Note: This suggested solution is not only from the perspective of fast-reads (as requested by OP), but also with an eye toward minimizing indexing overhead. Nested documents and their parents are written as a single block, so the addition of each additional "message" in the nested proposal would cause all previous message and conversation data in that conversation to be reindexed as well.
Here's my guess about Facebook's general approach to implementing Messages (if you were to do something similar using Elasticsearch)
Preview: (In Messages
navbar dropdown, and on the left rail of the Messages page)
Shows a summary of the most recent conversations using:
- Composite headshots of the three most recent participants in the - Ordered list of most recent three conversation participants.
- Number of additional participants if > 3
- Timestamp of most recent message in the conversation
- Snippet of the latest message in the conversation
Message Pane: (Center column of the Messages page)
- Shows all the messages in a conversation
- The Message Pane also repurposed for Message Search results, showing all messages containing the searched term.
Search Box:
- Typeahead: (completes on conversations using matching participant names)
- Search: (searches on messages using matching text from message body)
The data structure driving the preview, would probably be in a conversation
index (containing one document per conversation). These documents would be updated each time a message is added to a conversation. (Much like the parent record of your nested example doc).
This conversation
data source is only used to draw the previews (fast filtering on conversation participants to ensure that you only see conversations you are a part of).
{
"ID" : 317,
"participant_ids": [123456789, 987654321],
"participant_names: ["John Doe", "Jane Doe"],
"last_message_snippet" : " Lorem ipsum dolor sit amet, consectetur adipiscing elit...",
"last_message_timestamp" : "timestamp of the last received message",
}
There would be no nesting here b/c only the up-to-date conversation summary is needed, not the message.
Performance would be fast, because no scoring need take place, just a filter on [current user] in participant_ids
and a descending sort by last_message_timestamp
.
You could replicate the typeahead functionality using the Elasticsearch Term Suggester on the participant_names
field.
The lower-number of conversation
documents (vs message
documents) would help an index updated this frequently function well at scale.
To further scale this functionality, an Index Per Timeframe indexing strategy could be used (with the timeframe being determined by say, the typical half-life of a conversation, as an example).
When displaying the Messages within a particular conversation
, you'd be querying a message
index carrying your message document example, but with a reference to the conversation
{
"ID" : 4828274,
"conversation_id": 317,
"conversation_participant_ids": [123456789, 987654321],
"sender_id": 123456789,
"sender_name: "John Doe",
"message" : " Lorem ipsum dolor sit amet, consectetur adipiscing elit",
"message_timestamp" : <timestamp>,
}
Performance would be fast, because no scoring need take place, just a filter on conversation_id
and a descending sort by message_timestamp
.
When searching Messages across conversations, you'd only need to index the message
field. (Following the Facebook implementation).

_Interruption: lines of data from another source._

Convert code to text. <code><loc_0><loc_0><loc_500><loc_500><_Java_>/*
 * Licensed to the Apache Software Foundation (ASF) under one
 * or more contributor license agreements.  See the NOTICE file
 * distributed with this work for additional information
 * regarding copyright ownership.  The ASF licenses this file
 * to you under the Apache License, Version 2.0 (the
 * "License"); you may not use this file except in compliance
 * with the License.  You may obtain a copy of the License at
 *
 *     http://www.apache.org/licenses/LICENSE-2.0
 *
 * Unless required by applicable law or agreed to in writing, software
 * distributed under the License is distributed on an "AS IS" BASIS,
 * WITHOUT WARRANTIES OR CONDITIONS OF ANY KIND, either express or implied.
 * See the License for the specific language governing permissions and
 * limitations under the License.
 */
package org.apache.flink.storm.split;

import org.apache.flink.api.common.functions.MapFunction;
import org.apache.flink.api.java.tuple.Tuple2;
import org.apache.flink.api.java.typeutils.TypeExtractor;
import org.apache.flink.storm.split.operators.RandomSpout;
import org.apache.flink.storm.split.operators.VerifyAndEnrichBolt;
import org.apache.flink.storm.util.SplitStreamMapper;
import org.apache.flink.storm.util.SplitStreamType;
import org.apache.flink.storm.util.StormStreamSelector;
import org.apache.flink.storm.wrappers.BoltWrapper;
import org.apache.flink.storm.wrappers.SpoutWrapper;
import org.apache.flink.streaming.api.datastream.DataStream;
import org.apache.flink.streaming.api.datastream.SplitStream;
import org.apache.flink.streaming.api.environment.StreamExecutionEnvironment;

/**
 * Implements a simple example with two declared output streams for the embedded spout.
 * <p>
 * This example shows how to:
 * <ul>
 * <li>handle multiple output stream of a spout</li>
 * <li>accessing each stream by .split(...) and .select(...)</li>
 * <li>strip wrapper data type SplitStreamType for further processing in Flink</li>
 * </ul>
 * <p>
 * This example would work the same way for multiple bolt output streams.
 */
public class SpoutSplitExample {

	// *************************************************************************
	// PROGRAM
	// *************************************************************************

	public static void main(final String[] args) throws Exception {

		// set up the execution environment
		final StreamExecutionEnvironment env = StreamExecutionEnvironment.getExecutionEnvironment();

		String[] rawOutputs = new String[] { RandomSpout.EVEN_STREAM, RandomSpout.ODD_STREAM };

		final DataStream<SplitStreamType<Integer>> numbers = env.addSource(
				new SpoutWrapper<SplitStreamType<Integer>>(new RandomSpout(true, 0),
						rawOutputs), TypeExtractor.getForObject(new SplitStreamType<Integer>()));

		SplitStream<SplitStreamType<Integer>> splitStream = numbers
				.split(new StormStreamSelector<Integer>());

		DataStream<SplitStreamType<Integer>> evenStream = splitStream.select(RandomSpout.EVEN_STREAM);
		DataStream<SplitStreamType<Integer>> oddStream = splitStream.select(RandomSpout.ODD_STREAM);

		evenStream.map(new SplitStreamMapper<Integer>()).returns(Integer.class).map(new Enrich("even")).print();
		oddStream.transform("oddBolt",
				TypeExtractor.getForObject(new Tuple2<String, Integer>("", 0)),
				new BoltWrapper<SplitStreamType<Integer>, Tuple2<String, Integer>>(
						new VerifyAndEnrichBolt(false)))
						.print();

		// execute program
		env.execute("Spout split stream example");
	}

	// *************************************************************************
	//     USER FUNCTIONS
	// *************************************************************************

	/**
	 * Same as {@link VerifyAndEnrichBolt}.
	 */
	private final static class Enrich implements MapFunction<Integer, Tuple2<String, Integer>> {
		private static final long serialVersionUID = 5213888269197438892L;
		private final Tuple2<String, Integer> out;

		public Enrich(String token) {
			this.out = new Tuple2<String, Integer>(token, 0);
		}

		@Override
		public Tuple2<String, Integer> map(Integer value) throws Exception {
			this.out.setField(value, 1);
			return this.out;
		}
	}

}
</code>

The the search query would be the search term filtered by [current user] in conversation_participant_ids
with a descending sort by message_timestamp
.
To minimize cross-talk in the search cluster when retrieving the messages for a conversation, you'd want to be sure to take advantage of Elasticsearch's routing
parameter (on indexing requests) to explicitly co-locate all messages for a conversation on the same shard, using the conversation_id
as the routing
value when indexing new messages.
Note: Elasticsearch may turn out to be overkill for implementing a solution that could largely be built off of another document store or relational database with text-search functionality. By normalizing conversation
and message
in the above example, there is no longer any dependence on "nesting" in Elasticsearch.
Elasticsearch strengths for this implementation include efficient caching of filtered search results, fast autocomplete, and fast text search, but a weakness of Elasticsearch is the need for enough memory to comfortably accommodate all of the indexed data.
The performance characteristics of a Messaging application dictate that only the most recent messages are likely to be accessed or searched with any frequency, so at some point, if your application needs to scale, you should plan out a way to archive older, not-recently-accessed messages in "cold-storage" such that they require fewer application resources, but can still be "thawed" quickly enough to serve a keyword search without excessive latency.